What is needed:
Take the listing below and write it out again exactly, skipping any picture that it holds.

========================

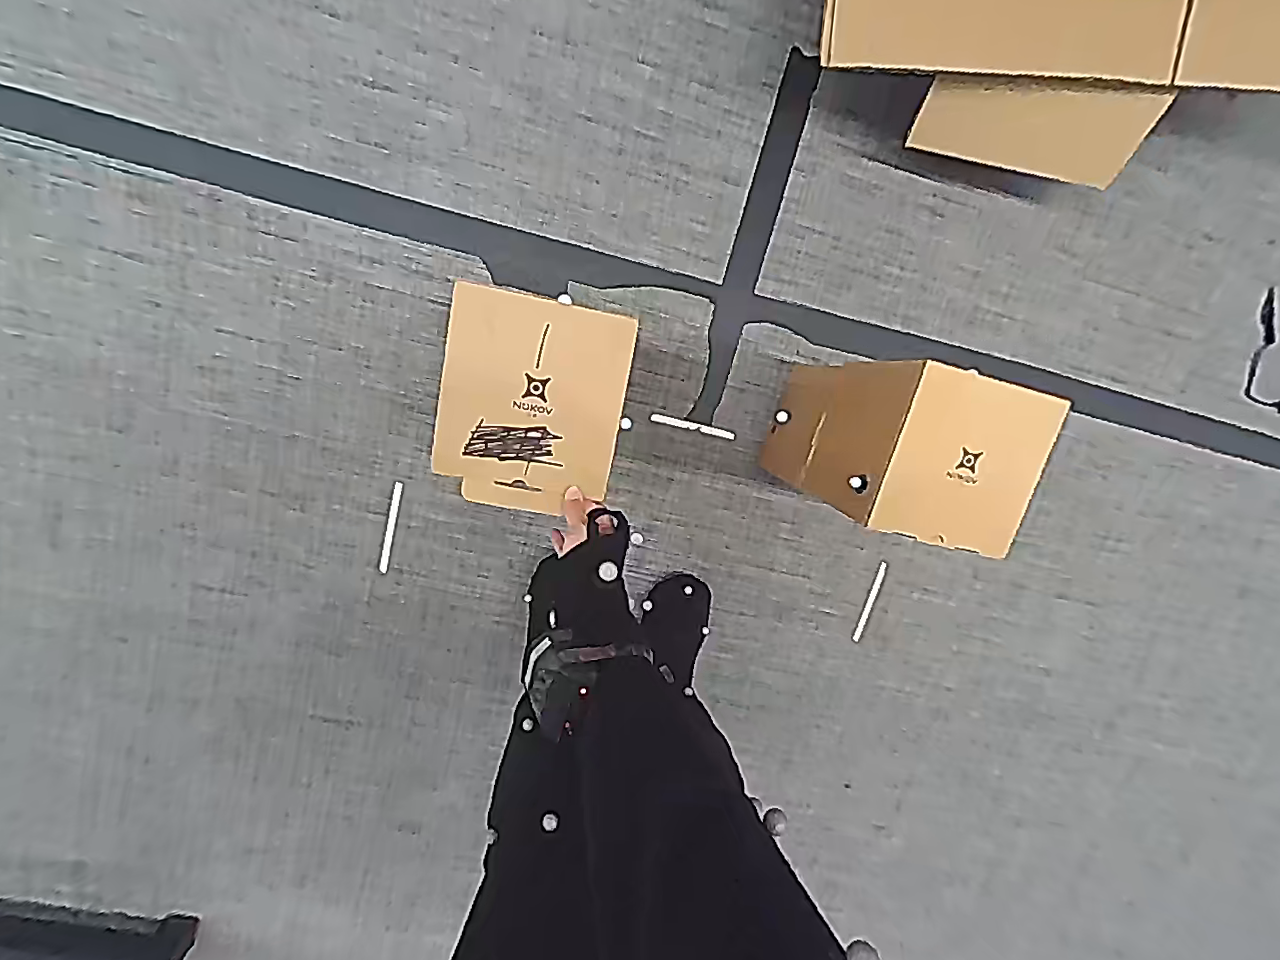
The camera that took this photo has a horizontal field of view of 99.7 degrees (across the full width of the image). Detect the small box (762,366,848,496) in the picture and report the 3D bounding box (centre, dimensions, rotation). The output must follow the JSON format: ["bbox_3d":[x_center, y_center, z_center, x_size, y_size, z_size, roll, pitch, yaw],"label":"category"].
[{"bbox_3d":[0.304,-0.062,0.778,0.179,0.176,0.168,18,101,-10],"label":"small box"}]

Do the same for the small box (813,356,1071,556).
[{"bbox_3d":[0.323,-0.037,0.618,0.168,0.176,0.179,13,102,-9],"label":"small box"}]

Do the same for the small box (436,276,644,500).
[{"bbox_3d":[-0.098,-0.094,0.565,0.168,0.176,0.179,10,101,-8],"label":"small box"}]

========================

Solution below:
The camera that took this photo has a horizontal field of view of 99.7 degrees (across the full width of the image). Detect the small box (762,366,848,496) in the picture and report the 3D bounding box (centre, dimensions, rotation). The output must follow the JSON format: ["bbox_3d":[x_center, y_center, z_center, x_size, y_size, z_size, roll, pitch, yaw],"label":"category"].
[{"bbox_3d":[0.304,-0.062,0.778,0.179,0.176,0.168,18,101,-10],"label":"small box"}]

Do the same for the small box (813,356,1071,556).
[{"bbox_3d":[0.323,-0.037,0.618,0.168,0.176,0.179,13,102,-9],"label":"small box"}]

Do the same for the small box (436,276,644,500).
[{"bbox_3d":[-0.098,-0.094,0.565,0.168,0.176,0.179,10,101,-8],"label":"small box"}]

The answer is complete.